John A. Guldan was born in May 1950. He was the second of 13 children and the oldest boy in the family. Though coming from a large family, Guldan never failed to stand out. While attending Marist High School in Chicago, Guldan excelled at leadership and academics. He helped found his school’s cross-country program and soon rose to team captain. While leading his team into athletic competitions, he also earned high marks under his school’s honors program.
Having strong grades and stellar displays of leadership with his high school’s cross-country team, Guldan graduated from high school in 1968 and received an athletic scholarship to attend Defiance College in Ohio. After one semester, Guldan decided to return home and attend a college in Chicago. Nonetheless, he continued to run competitively, and cross-country seemed like what he planned to do in the near future.

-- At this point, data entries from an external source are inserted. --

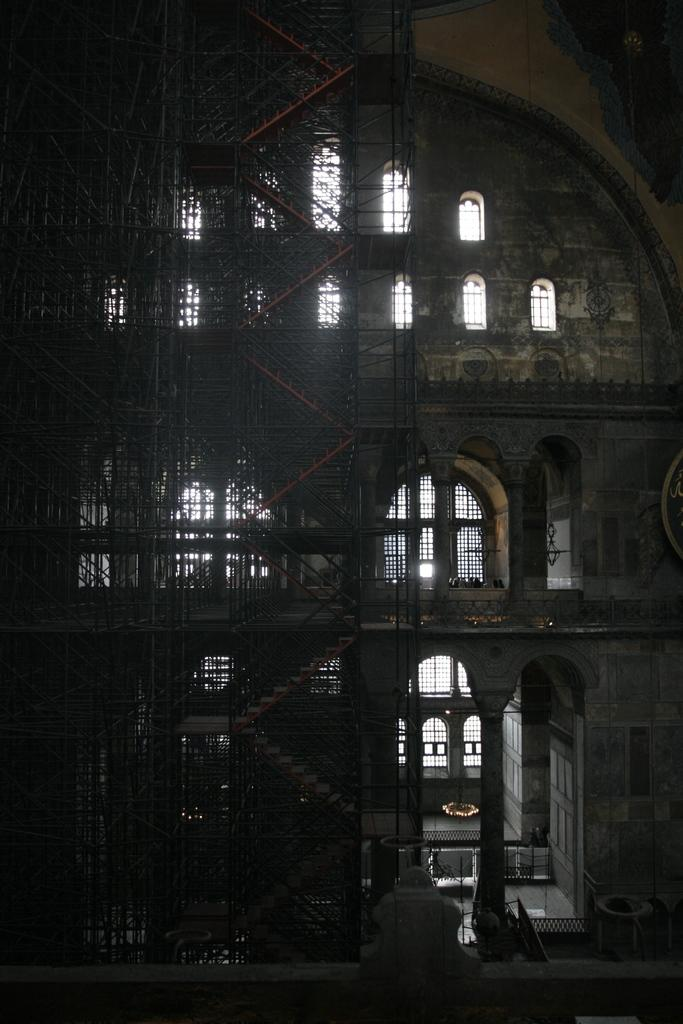What type of structure is present in the image? There is a building in the picture. What feature can be seen on the building? The building has windows. What type of security feature is present in the image? There are iron grilles in the picture. What architectural element is visible in the image? There are stairs in the picture. What type of magic is being performed in the picture? There is no magic or any indication of a magical performance in the image. 
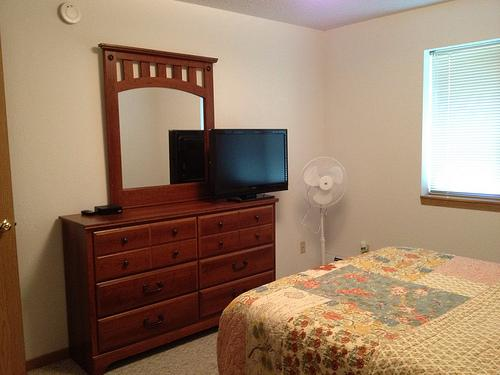Could you name the items that are part of the furniture in the room? The furniture items in the room include a made-up bed, a dresser against the wall, a chest drawer, and a mirror on the dresser. Determine the main colors in the image based on the object descriptions. The primary colors in the image are white (fan), brown (dresser), and black (TV). What type of electrical devices can you find in the image? A white standing fan, a smoke detector, and a TV on the dresser are the electrical devices in the image. Analyze the given image and describe feelings or emotions that the scene might evoke. The scene conveys a sense of calm and orderliness with its arranged furniture and tidiness. In this image, identify the objects related to safety. A smoke detector and a smoke alarm are related to safety in the image. Give a brief overview of the scene captured in the image. The image depicts a furnished room with a bed, dresser, chest drawers, and electrical devices such as a fan, TV, and smoke detector. Please count the number of chest drawers described in the image. There are 9 distinct chest drawer descriptions in the image. What are some items found on the wall of the room in the image? On the wall, there are horizontal blinds on the window and a smoke detector. Create a caption about the main object in the bottom-left corner of the image. A beautiful chest drawer sits adorned with handles in the room's cozy corner. What are the objects that can be controlled using one's hands in the image? The objects that can be controlled using one's hands are the knob on the door, the handle on the dresser, and the chest drawer. Which object is present at coordinates X:427 Y:39 Width:71 Height:71? A) the horizontal blinds on the window B) the TV on the dresser C) the smoke detector on the wall A) the horizontal blinds on the window Find an alternative way to describe the object at X:1 Y:220 Width:10 Height:10. a small round door knob What can one infer about the furniture arrangement in this room? There is a focus on storage with the presence of the dresser and numerous chest drawers. Describe the object found at the bottom left corner of the image. the edge of the wooden door Detail the specific locations and types of any safety devices found in the room. a smoke detector on the wall (X:59 Y:1 Width:22 Height:22) and a smoke alarm in a room (X:56 Y:1 Width:27 Height:27) Which events are happening in this room based on the captions? No events detected, only objects described. Is any object blocking the view of the dresser's mirror at X:98 Y:41 Width:120 Height:120? No object is blocking the view of the mirror on the dresser. Describe the object at X:217 Y:248 Width:281 Height:281 in a poetic way. A well-made bed sits regally, a comforting sanctuary in the room's embrace Recreate a description of the object located at X:1 Y:220 Width:10 Height:10 in other words. the little round doorknob inviting entry How many drawers are in the room based on the provided captions? 9 What is the main theme of the room? The main theme of the room focuses on storage and furniture layout. Determine if there is safety equipment present in the room by identifying an object at X:59 Y:1 Width:22 Height:22. the smoke detector on the wall Which object in the image is described by the coordinates X:299 Y:156 Width:47 Height:47? the white standing fan List the objects found at X:298 Y:155 Width:50 Height:50 and X:59 Y:1 Width:22 Height:22.  the standing fan is white, a smoke alarm in a room Please provide a creative description of an object at X:142 Y:280 Width:20 Height:20. a tiny metallic handle catching the light on the dresser What emotion is being expressed by the person in this scene? There is no person in the scene. What is the dominant furniture piece in the room? the dresser against the wall Can you identify and describe the object seen at X:209 Y:127 Width:79 Height:79 in a different phrasing? a television resting on the dresser 
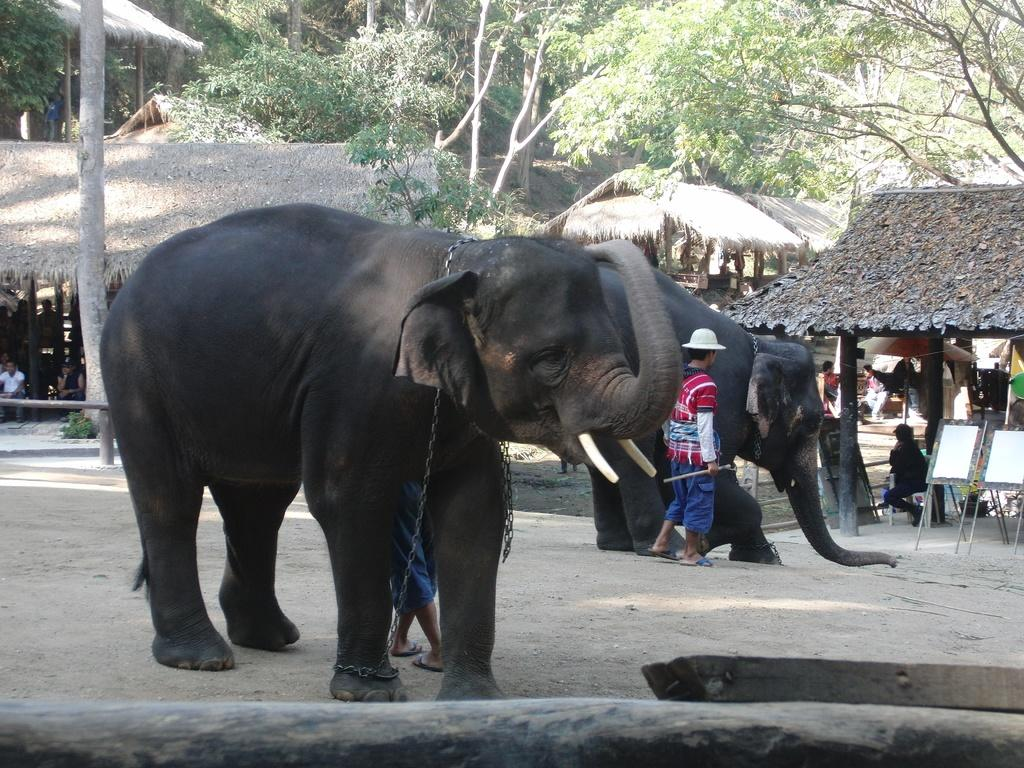What animals can be seen in the image? There are elephants in the image. Who or what else is present in the image? There is a person standing in the image. What type of structures are visible in the image? There are huts in the image. What natural element is present in the image? There is a tree in the image. Where is the nest located in the image? There is no nest present in the image. How does the person in the image take a bath? The image does not show the person taking a bath, so it cannot be determined from the image. 
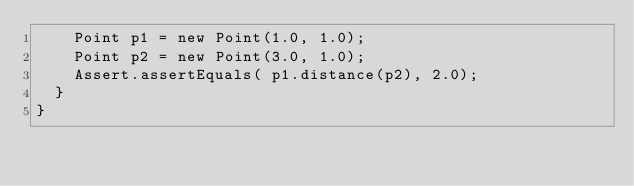<code> <loc_0><loc_0><loc_500><loc_500><_Java_>    Point p1 = new Point(1.0, 1.0);
    Point p2 = new Point(3.0, 1.0);
    Assert.assertEquals( p1.distance(p2), 2.0);
  }
}</code> 
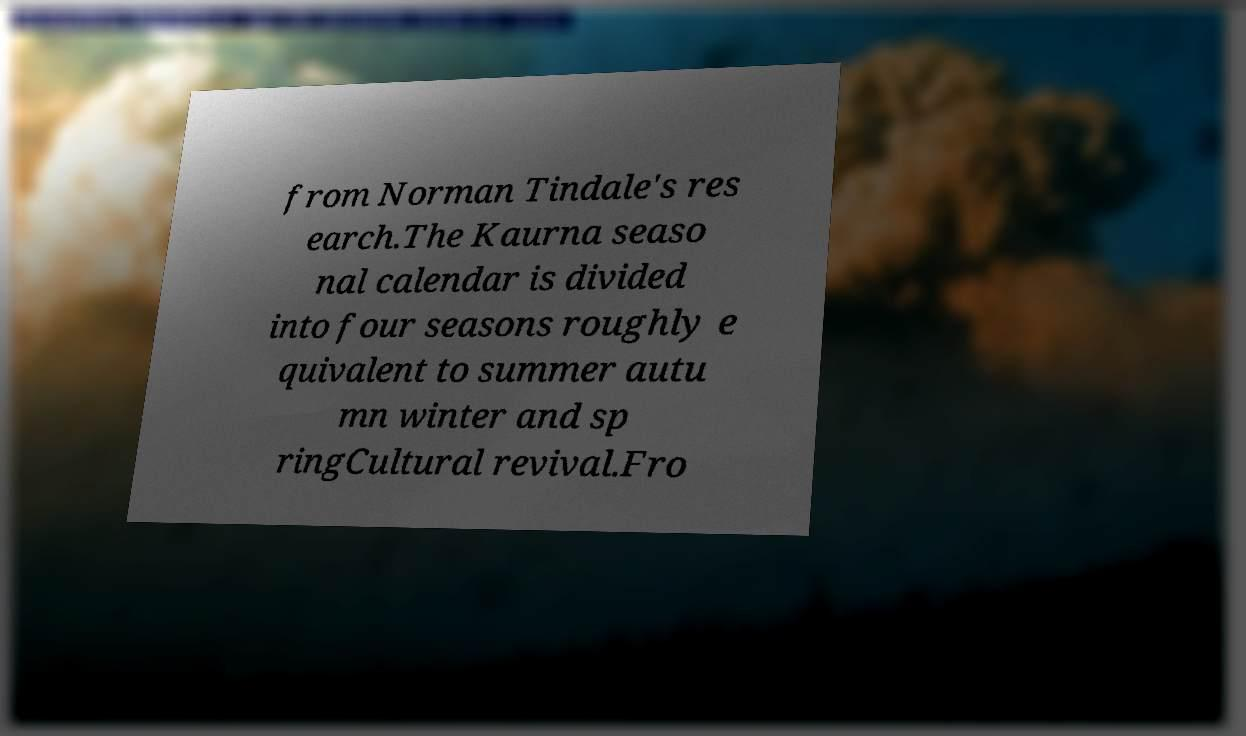Please identify and transcribe the text found in this image. from Norman Tindale's res earch.The Kaurna seaso nal calendar is divided into four seasons roughly e quivalent to summer autu mn winter and sp ringCultural revival.Fro 
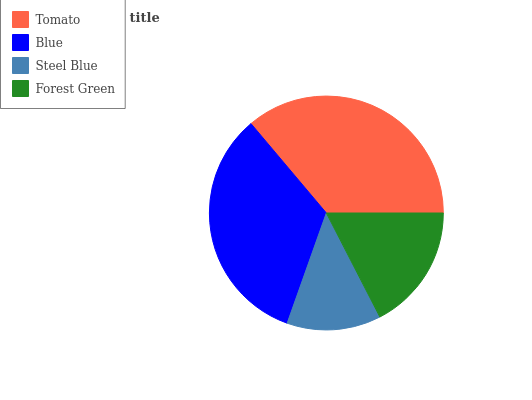Is Steel Blue the minimum?
Answer yes or no. Yes. Is Tomato the maximum?
Answer yes or no. Yes. Is Blue the minimum?
Answer yes or no. No. Is Blue the maximum?
Answer yes or no. No. Is Tomato greater than Blue?
Answer yes or no. Yes. Is Blue less than Tomato?
Answer yes or no. Yes. Is Blue greater than Tomato?
Answer yes or no. No. Is Tomato less than Blue?
Answer yes or no. No. Is Blue the high median?
Answer yes or no. Yes. Is Forest Green the low median?
Answer yes or no. Yes. Is Forest Green the high median?
Answer yes or no. No. Is Steel Blue the low median?
Answer yes or no. No. 
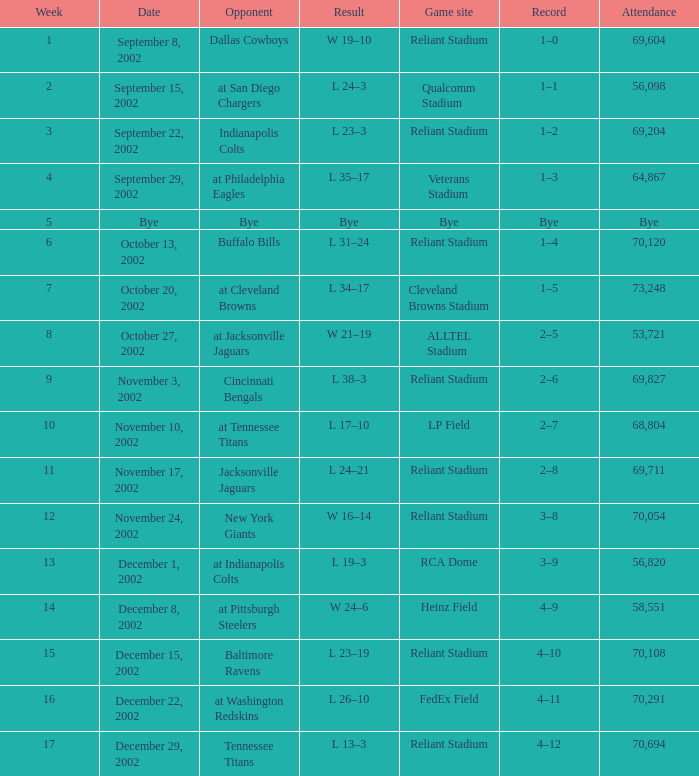During which week did the texans initially play at the cleveland browns stadium? 7.0.

Yet, Guldan soon saw another future for himself. Nightly newscasts of the Vietnam War and weekly casualty and death counts dominated the media in the late 1960s. As he watched the numbers rise, Guldan knew he could no longer remain idle while other men of his age fought for the country. In 1969, he made the decision to leave school and enlist in the Marine Corps.
Guldan deployed to Vietnam in 1970. Though in a new and dangerous environment, he continued to exhibit his leadership capabilities and was quickly appointed squad leader. With his position, he commanded 21 other Marines in Quang Nam. He served in Operation Lyon Valley and Operation Catawba Falls. On Aug. 3, 1970, an enemy booby-trap killed Guldan while he served at Bich Nam, nearby Hill 55. He was only 20 years old.
Still grappling with his initial decision to enlist with the Marines, his family and fiancée were only shook harder by the news of his death. Guldan’s younger sister, Terri Guldan, wrote The Letter: A Family’s Tale Unplugged, a book which captures the Guldan family’s experience coping with the decision of their eldest son to join the Marines and the emotional toll his death had on them.
For his service, Guldan posthumously received a Bronze Star Medal, Purple Heart and Combat Action Ribbon.
We honor his service.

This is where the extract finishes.